EXERCISE PROMPT> Retype, word for word, every line from the one holding "Image width covers 20.8°." through the one holding "- model house" in the entries below, both included, and only those lines.

== == ==

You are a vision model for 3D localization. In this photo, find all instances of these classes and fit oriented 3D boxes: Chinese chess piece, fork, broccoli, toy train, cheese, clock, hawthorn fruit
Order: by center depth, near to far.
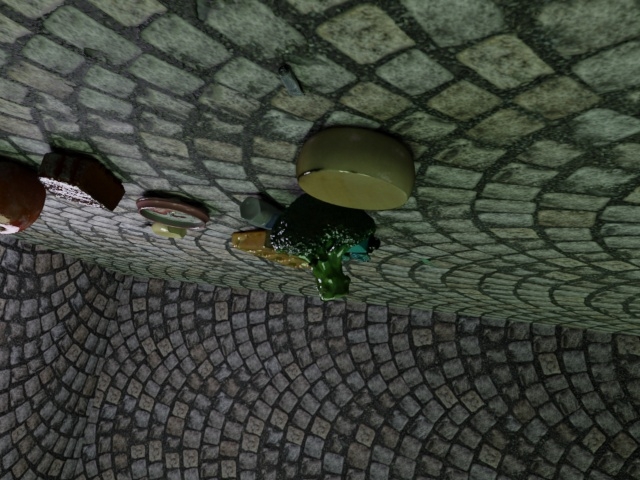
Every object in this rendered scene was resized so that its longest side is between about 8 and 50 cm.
[{"bbox_3d":[0.074,-0.143,1.068,0.251,0.097,0.251,10,167,2],"label":"Chinese chess piece"},{"bbox_3d":[0.015,0.011,1.349,0.297,0.297,0.297,-16,-177,1],"label":"broccoli"},{"bbox_3d":[-0.975,-0.127,1.584,0.235,0.263,0.231,-14,-165,-15],"label":"hawthorn fruit"},{"bbox_3d":[0.084,-0.002,1.619,0.198,0.107,0.154,0,156,34],"label":"toy train"},{"bbox_3d":[-0.495,-0.098,1.714,0.244,0.056,0.244,7,164,2],"label":"clock"},{"bbox_3d":[0.328,0.066,1.894,0.235,0.021,0.039,15,161,-17],"label":"fork"},{"bbox_3d":[-0.636,-0.044,2.040,0.255,0.050,0.127,-1,164,42],"label":"cheese"}]

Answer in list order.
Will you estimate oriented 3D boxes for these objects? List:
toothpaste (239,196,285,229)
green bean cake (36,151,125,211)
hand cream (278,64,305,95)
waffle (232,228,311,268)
[{"bbox_3d":[-0.129,-0.061,1.620,0.125,0.080,0.371,0,171,22],"label":"toothpaste"},{"bbox_3d":[-0.684,-0.170,1.463,0.198,0.097,0.232,13,166,-10],"label":"green bean cake"},{"bbox_3d":[-0.051,-0.260,0.846,0.030,0.019,0.093,7,168,15],"label":"hand cream"},{"bbox_3d":[-0.143,0.040,1.969,0.348,0.077,0.304,20,167,-31],"label":"waffle"}]
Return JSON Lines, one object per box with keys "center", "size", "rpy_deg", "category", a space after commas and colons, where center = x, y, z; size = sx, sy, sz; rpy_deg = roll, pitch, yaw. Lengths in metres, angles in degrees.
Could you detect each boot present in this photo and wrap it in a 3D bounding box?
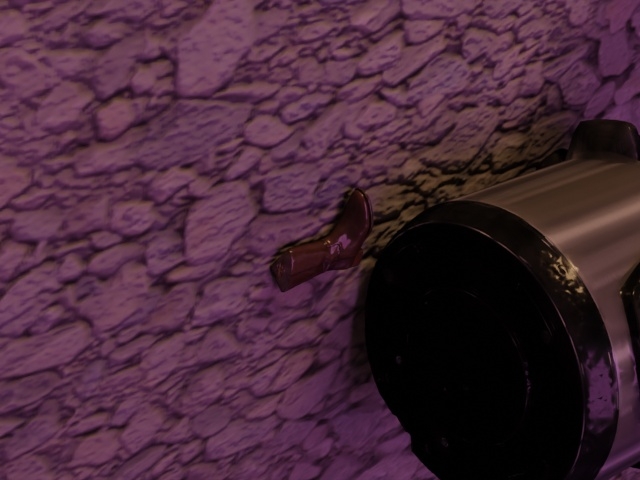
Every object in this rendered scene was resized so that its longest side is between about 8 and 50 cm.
{"center": [0.000, 0.000, 1.511], "size": [0.114, 0.037, 0.106], "rpy_deg": [-15, 127, -33], "category": "boot"}

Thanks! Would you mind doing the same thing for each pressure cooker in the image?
{"center": [0.309, 0.081, 1.638], "size": [0.420, 0.375, 0.370], "rpy_deg": [-18, 150, -38], "category": "pressure cooker"}
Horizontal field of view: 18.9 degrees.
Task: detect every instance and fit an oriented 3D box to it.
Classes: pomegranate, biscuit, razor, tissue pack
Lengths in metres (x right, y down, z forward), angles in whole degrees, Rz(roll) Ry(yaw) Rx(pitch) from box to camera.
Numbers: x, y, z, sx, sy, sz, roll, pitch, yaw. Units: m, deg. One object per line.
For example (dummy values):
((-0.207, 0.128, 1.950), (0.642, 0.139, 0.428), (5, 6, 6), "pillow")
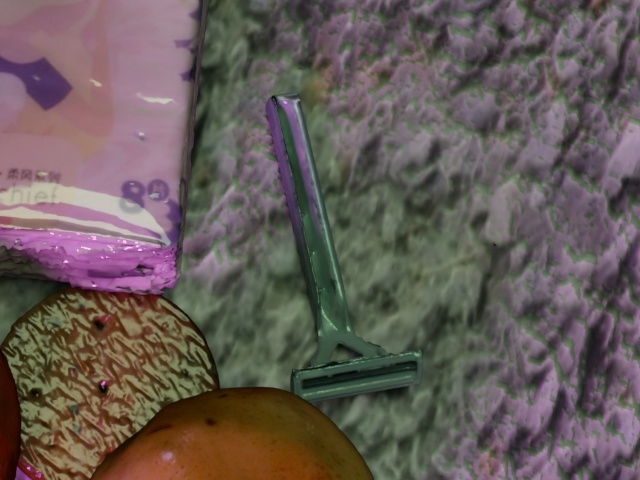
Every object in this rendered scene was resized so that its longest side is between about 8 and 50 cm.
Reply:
((-0.059, 0.214, 1.449), (0.233, 0.233, 0.233), (3, 71, -9), "pomegranate")
((-0.175, 0.123, 1.564), (0.188, 0.027, 0.187), (2, 71, -7), "biscuit")
((-0.002, 0.004, 1.628), (0.111, 0.056, 0.277), (-9, 66, -14), "razor")
((-0.218, -0.136, 1.584), (0.242, 0.125, 0.343), (6, 67, -4), "tissue pack")

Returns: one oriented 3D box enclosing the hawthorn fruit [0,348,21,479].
((-0.324, 0.119, 1.445), (0.205, 0.205, 0.253), (1, 75, -9), "hawthorn fruit")
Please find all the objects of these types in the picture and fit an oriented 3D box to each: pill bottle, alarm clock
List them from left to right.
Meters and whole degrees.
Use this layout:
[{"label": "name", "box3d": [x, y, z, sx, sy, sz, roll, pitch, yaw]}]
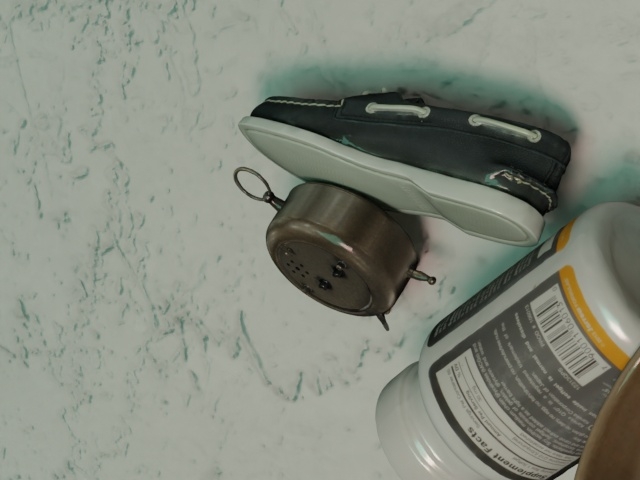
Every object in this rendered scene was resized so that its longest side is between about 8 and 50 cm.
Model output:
[{"label": "alarm clock", "box3d": [0.000, 0.000, 1.623, 0.192, 0.064, 0.129, 39, 153, -5]}, {"label": "pill bottle", "box3d": [0.181, 0.102, 1.523, 0.278, 0.162, 0.162, -41, 84, 38]}]

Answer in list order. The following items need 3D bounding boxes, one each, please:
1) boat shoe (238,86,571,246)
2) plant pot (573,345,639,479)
[{"label": "boat shoe", "box3d": [0.070, -0.077, 1.575, 0.302, 0.114, 0.091, 20, 74, 28]}, {"label": "plant pot", "box3d": [0.335, 0.184, 1.297, 0.229, 0.263, 0.263, 26, 127, -16]}]
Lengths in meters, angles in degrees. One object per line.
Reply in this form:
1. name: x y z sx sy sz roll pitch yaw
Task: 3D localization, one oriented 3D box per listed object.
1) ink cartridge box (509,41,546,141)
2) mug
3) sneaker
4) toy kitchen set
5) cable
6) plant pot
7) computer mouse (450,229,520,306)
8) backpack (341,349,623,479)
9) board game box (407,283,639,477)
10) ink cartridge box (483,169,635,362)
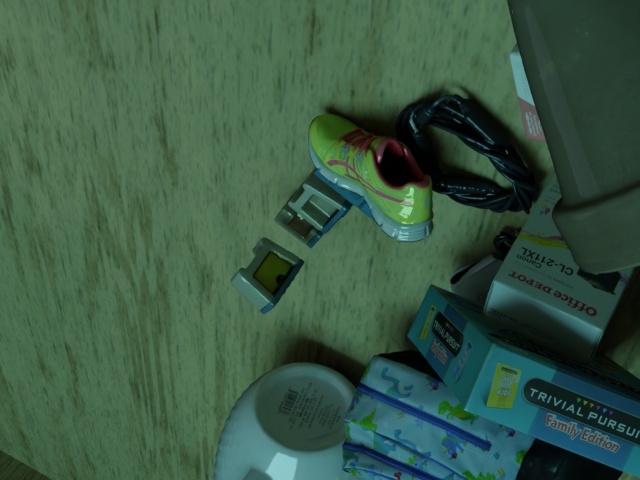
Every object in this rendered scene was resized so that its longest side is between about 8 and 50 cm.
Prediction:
1. ink cartridge box: 0.292 -0.145 1.131 0.198 0.067 0.115 14 143 32
2. mug: -0.061 0.388 1.889 0.276 0.374 0.328 29 142 18
3. sneaker: 0.064 -0.095 1.369 0.208 0.081 0.094 43 146 29
4. toy kitchen set: 0.000 0.000 1.498 0.122 0.166 0.207 37 149 -4
5. cable: 0.166 -0.086 1.345 0.184 0.047 0.150 41 148 -12
6. plant pot: 0.268 -0.135 0.930 0.263 0.263 0.229 -25 95 54
7. computer mouse: 0.223 0.054 1.486 0.106 0.042 0.193 38 148 -8
8. backpack: 0.200 0.277 1.622 0.355 0.273 0.290 36 -171 29
9. board game box: 0.256 0.157 1.345 0.254 0.079 0.336 22 -175 -8
10. ink cartridge box: 0.272 0.027 1.277 0.127 0.175 0.072 25 147 14
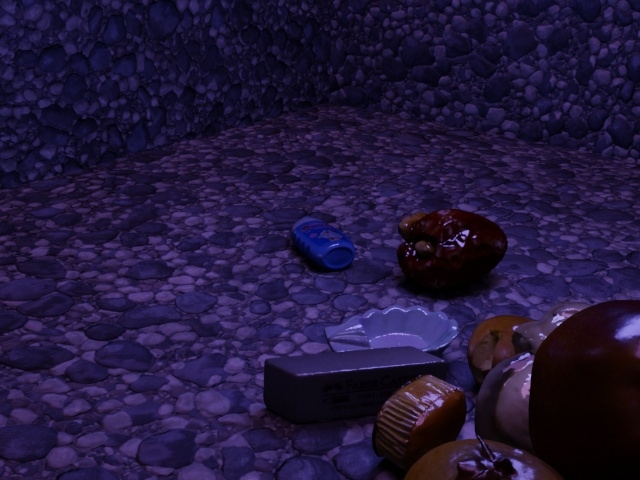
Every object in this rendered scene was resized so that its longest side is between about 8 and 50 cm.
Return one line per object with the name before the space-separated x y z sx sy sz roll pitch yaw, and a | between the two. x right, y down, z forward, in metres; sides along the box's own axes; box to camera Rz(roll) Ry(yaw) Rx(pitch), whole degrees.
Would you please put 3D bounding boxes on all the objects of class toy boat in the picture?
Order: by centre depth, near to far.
toy boat | 0.155 0.222 1.700 0.290 0.100 0.199 -3 22 -13

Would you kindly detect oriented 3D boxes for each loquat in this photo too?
loquat | 0.220 0.398 1.071 0.274 0.275 0.275 2 22 -1

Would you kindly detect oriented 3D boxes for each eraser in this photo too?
eraser | 0.067 0.280 1.537 0.352 0.111 0.077 -3 25 -13

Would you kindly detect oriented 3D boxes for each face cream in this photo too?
face cream | 0.000 0.000 2.248 0.149 0.083 0.264 -5 23 -24

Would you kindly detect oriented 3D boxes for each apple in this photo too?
apple | 0.442 0.222 1.101 0.288 0.288 0.317 -5 -14 -16
apple | 0.390 0.236 1.603 0.199 0.199 0.199 2 22 -1

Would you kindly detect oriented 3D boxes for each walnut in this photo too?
walnut | 0.339 0.013 2.088 0.269 0.222 0.244 5 25 -35

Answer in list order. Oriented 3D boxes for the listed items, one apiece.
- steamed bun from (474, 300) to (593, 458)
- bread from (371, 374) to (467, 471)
steamed bun | 0.451 0.285 1.372 0.324 0.230 0.372 35 65 9
bread | 0.184 0.327 1.404 0.190 0.132 0.114 -23 32 -39
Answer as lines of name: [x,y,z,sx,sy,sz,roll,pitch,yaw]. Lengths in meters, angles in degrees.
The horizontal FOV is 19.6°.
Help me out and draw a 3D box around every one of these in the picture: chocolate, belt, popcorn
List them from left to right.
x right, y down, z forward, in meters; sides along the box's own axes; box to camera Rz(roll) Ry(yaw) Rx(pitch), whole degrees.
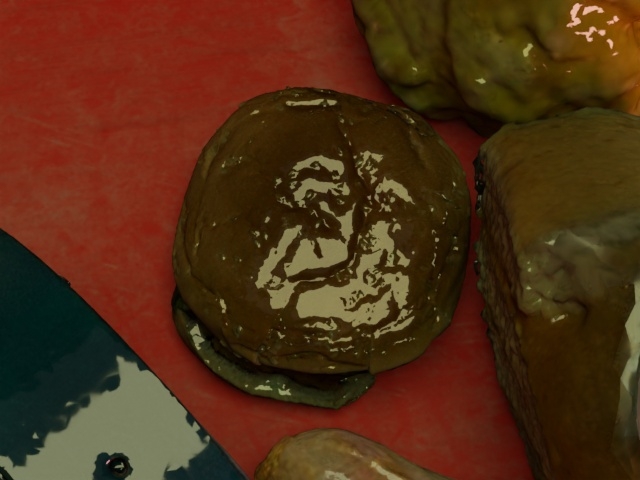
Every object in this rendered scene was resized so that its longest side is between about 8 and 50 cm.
belt: [-0.205,0.177,1.512,0.173,0.300,0.436,-37,76,-18]
chocolate: [0.088,0.255,1.606,0.309,0.134,0.134,26,71,3]
popcorn: [0.178,-0.257,1.708,0.334,0.292,0.294,27,76,8]

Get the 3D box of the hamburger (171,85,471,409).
hamburger: [0.002,0.001,1.681,0.265,0.134,0.285,11,69,-4]

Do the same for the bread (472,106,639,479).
bread: [0.274,0.077,1.568,0.239,0.264,0.395,-18,95,-3]
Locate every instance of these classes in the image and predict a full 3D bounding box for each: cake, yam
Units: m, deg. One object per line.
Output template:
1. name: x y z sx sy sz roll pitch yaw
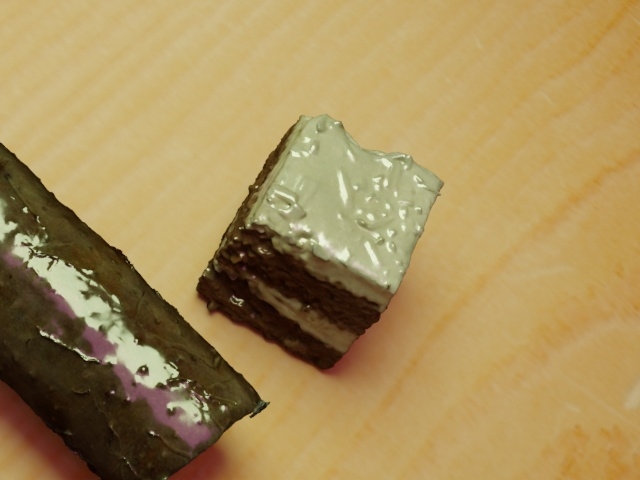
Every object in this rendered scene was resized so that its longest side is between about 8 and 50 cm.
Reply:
1. cake: 0.000 0.000 0.955 0.135 0.147 0.134 30 61 -8
2. yam: -0.177 0.059 0.878 0.280 0.131 0.131 44 59 3
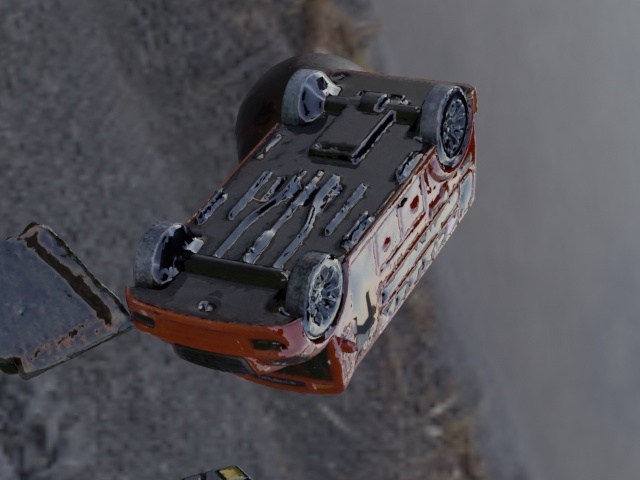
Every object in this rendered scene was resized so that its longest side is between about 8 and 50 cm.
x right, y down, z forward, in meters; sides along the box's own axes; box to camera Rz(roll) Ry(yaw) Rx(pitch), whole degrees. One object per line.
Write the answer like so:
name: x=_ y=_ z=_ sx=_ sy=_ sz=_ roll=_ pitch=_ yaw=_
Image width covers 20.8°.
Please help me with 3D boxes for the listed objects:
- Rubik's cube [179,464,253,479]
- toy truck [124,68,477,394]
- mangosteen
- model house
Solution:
Rubik's cube: x=-0.071 y=0.216 z=1.253 sx=0.093 sy=0.111 sz=0.111 roll=-46 pitch=123 yaw=-72
toy truck: x=0.000 y=0.000 z=0.976 sx=0.252 sy=0.107 sz=0.114 roll=-52 pitch=143 yaw=-44
mangosteen: x=0.013 y=-0.070 z=1.289 sx=0.152 sy=0.152 sz=0.152 roll=10 pitch=77 yaw=-51
model house: x=-0.197 y=0.039 z=1.151 sx=0.152 sy=0.165 sz=0.106 roll=7 pitch=86 yaw=-10
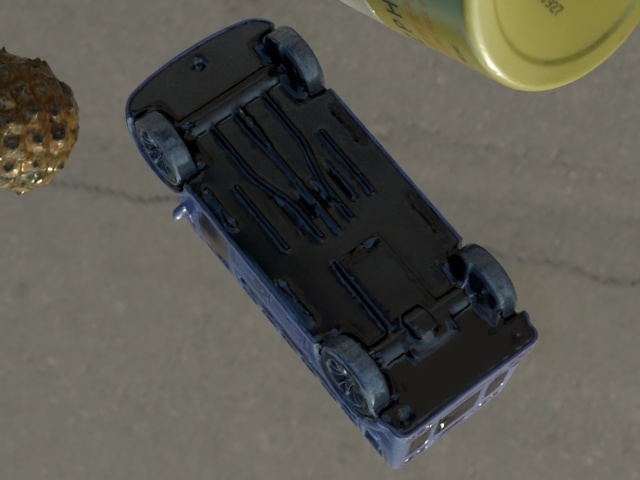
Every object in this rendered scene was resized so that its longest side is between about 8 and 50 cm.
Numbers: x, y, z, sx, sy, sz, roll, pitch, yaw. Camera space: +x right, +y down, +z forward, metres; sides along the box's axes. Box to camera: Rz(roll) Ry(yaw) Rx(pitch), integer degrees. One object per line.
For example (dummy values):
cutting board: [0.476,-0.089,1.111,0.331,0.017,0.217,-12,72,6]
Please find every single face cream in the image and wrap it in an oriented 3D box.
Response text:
face cream: [0.124,-0.238,1.216,0.179,0.218,0.218,34,157,41]

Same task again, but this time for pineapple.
pineapple: [-0.317,-0.121,1.412,0.128,0.128,0.248,4,170,36]

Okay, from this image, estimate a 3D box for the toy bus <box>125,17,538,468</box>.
toy bus: [0.000,0.000,1.097,0.292,0.125,0.133,50,162,17]
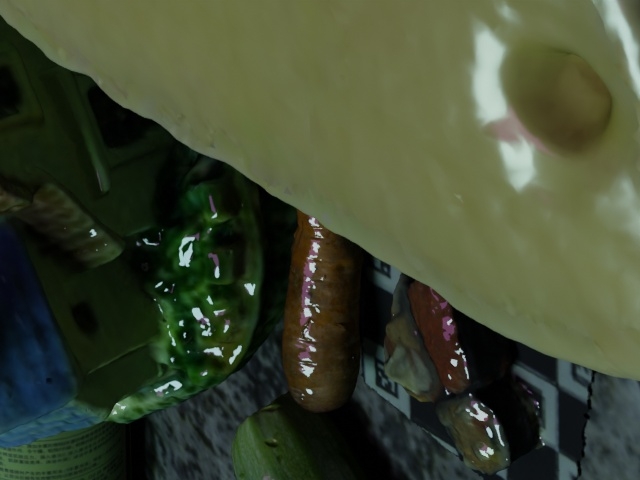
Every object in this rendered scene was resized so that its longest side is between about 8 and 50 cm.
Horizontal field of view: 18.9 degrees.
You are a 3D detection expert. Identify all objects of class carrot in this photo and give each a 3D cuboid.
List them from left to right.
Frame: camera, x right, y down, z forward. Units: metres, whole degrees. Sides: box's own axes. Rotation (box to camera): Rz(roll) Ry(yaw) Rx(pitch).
[{"bbox_3d":[0.002,0.000,0.835,0.036,0.036,0.165,25,121,47],"label":"carrot"}]

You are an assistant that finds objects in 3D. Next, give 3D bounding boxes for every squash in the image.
[{"bbox_3d":[0.028,0.177,0.894,0.229,0.066,0.066,60,148,11],"label":"squash"}]

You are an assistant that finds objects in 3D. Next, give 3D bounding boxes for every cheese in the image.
[{"bbox_3d":[0.005,-0.168,0.597,0.384,0.104,0.384,34,143,30],"label":"cheese"}]

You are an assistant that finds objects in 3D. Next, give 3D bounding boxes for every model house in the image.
[{"bbox_3d":[-0.134,-0.005,0.837,0.195,0.189,0.214,-16,94,38],"label":"model house"}]

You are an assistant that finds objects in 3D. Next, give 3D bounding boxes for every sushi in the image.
[{"bbox_3d":[0.052,0.021,0.779,0.139,0.031,0.201,37,139,39],"label":"sushi"}]

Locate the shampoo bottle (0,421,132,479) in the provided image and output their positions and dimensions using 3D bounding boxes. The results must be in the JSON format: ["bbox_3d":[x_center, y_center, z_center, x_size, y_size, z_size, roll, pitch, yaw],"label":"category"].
[{"bbox_3d":[-0.155,0.072,1.058,0.101,0.101,0.283,38,139,37],"label":"shampoo bottle"}]

== == ==

RESULT OF THIS TASK>
Image width covers 20.8°.
Please help me with 3D boxes for the listed objects:
- Rubik's cube [179,464,253,479]
- toy truck [124,68,477,394]
- mangosteen
- model house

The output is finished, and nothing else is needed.